Crawl budget refers to the number of URLs a search engine's spider will crawl during one session. A website's crawl budget is influenced by the crawl rate that Googlebot has determined is optimal for the site and crawl demand which is determined by the website's popularity and the need to keep Google's SERP fresh for a particular search query. Learn more about the crawl budget
What is Crawl Rate?
Crawl Rate refers to how many requests per second Googlebot makes to a site when crawling it.
How Do You Optimize a Crawl Budget?
The goal of crawl budget optimization is to increase the frequency by which spiders crawl pages and send information to algorithms that are in charge of evaluating content quality and content indexing. This means the better a site's crawl budget, the faster it is likely to be updated on the search engine.
Here are some best practices for optimizing crawl budget:
Block Unimportant Pages and Ensure Important Pages Are Crawlable
Use script to direct Google bots away from your unimportant pages. This can be done by adding a 'noindex' tag to the head section of the page. This will ensure that these pages are not indexed. Also, it is important to make sure that important pages are crawlable.
Avoid Redirect Chains
Each redirected page uses up a portion of the site's crawl budget. This means long redirect chains should be avoided. Also, bots might stop crawling redirects if there are an unreasonable amount in a row.
Fix Error Pages
Besides being bad for user experience, 404 and 410 errors use up crawl budget.

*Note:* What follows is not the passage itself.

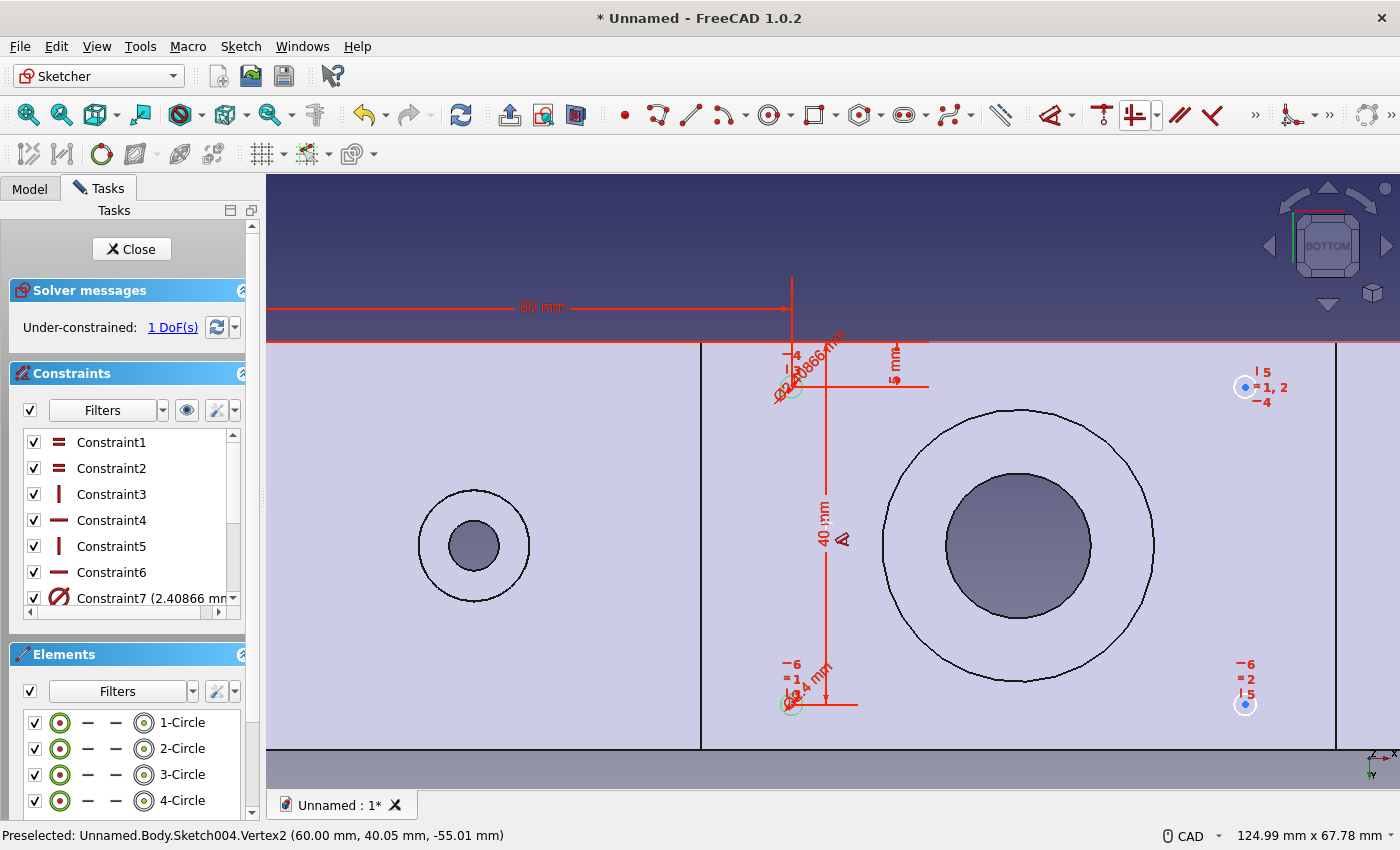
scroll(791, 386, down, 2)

The site owner should therefore make sure there are no page errors on their site.
Focus on Using HTML
Although Google is able to crawl Flash, XML, and JavaScript, bots from other search engines may struggle to crawl these files. As a result, website owners should use HTML instead.
Keep Your Sitemap Up to Date
An up to date xml site map will help bots understand site structure and where internal links are pointing. It is important that the sitemap only include canonical URLs and should be consistent with robots.txt files. The reason is robots.txt files tell bots to not crawl pages, while site map links tell bots to crawl pages. If there is any inconsistency the bots will be told to crawl pages they are blocked from crawling.
Use Hreflang Tags
Hreflang Tags help bots to understand local versions of pages. This includes language and region-specific content. This can be done through the use of HTTP headers, HTML tags, or a sitemap.
Deal With URL Parameters
Many CMSs generate dynamic URLs. These extra URLs don't only use up a site's crawl budget, but they also potentially cause duplicate content issues. To deal with this, parameters should be added to the Google Search Console account.
What is a Crawl Stats Report?
The crawl Stats Report provides information about Googlebot's activity on a site. The report is taken from the last 90 days of data and takes into consideration all content types.
How do I Increase Google Crawl Rate?
There are times when Googlebot crawls a site less frequently. There are a number of possible reasons for this.
Low Authority
When a site lacks high-quality backlinks, Google interprets this to mean the site is unimportant. As a result, Google will not frequently crawl it. This is fairly common for a new site.
The way to improve the situation is to build links to the site. When a site acquires a high volume of quality links its authority grows. This will signal Google to crawl the site more often.
Site Errors
If a site has many errors, Google will crawl that site slowly. This can easily be dealt with by fixing those errors. The errors can be found in the Google Search Console Coverage report.
Slow Loading Site
When a site loads slowly, Google might slow its crawl rate for that site. The faster a site loads the more pages Google bots can crawl at one time. In order to increase site speed, use site speed tools like gtmetrics.com or the Google PageSpeed Insights.
What Does Google See When it Crawls My Site?
Google first looks at your robots.txt file. This tells Google which pages it can crawl and which pages it can't. Once it has 'seen' the robots.txt file Googlebot then crawls the page's title tag. After the title tag, it then crawls the site's meta description. It then moves on to the images. Although Google is not able to see a site's images it does crawl the image alt tags. Finally, Google crawls the actual content on the page.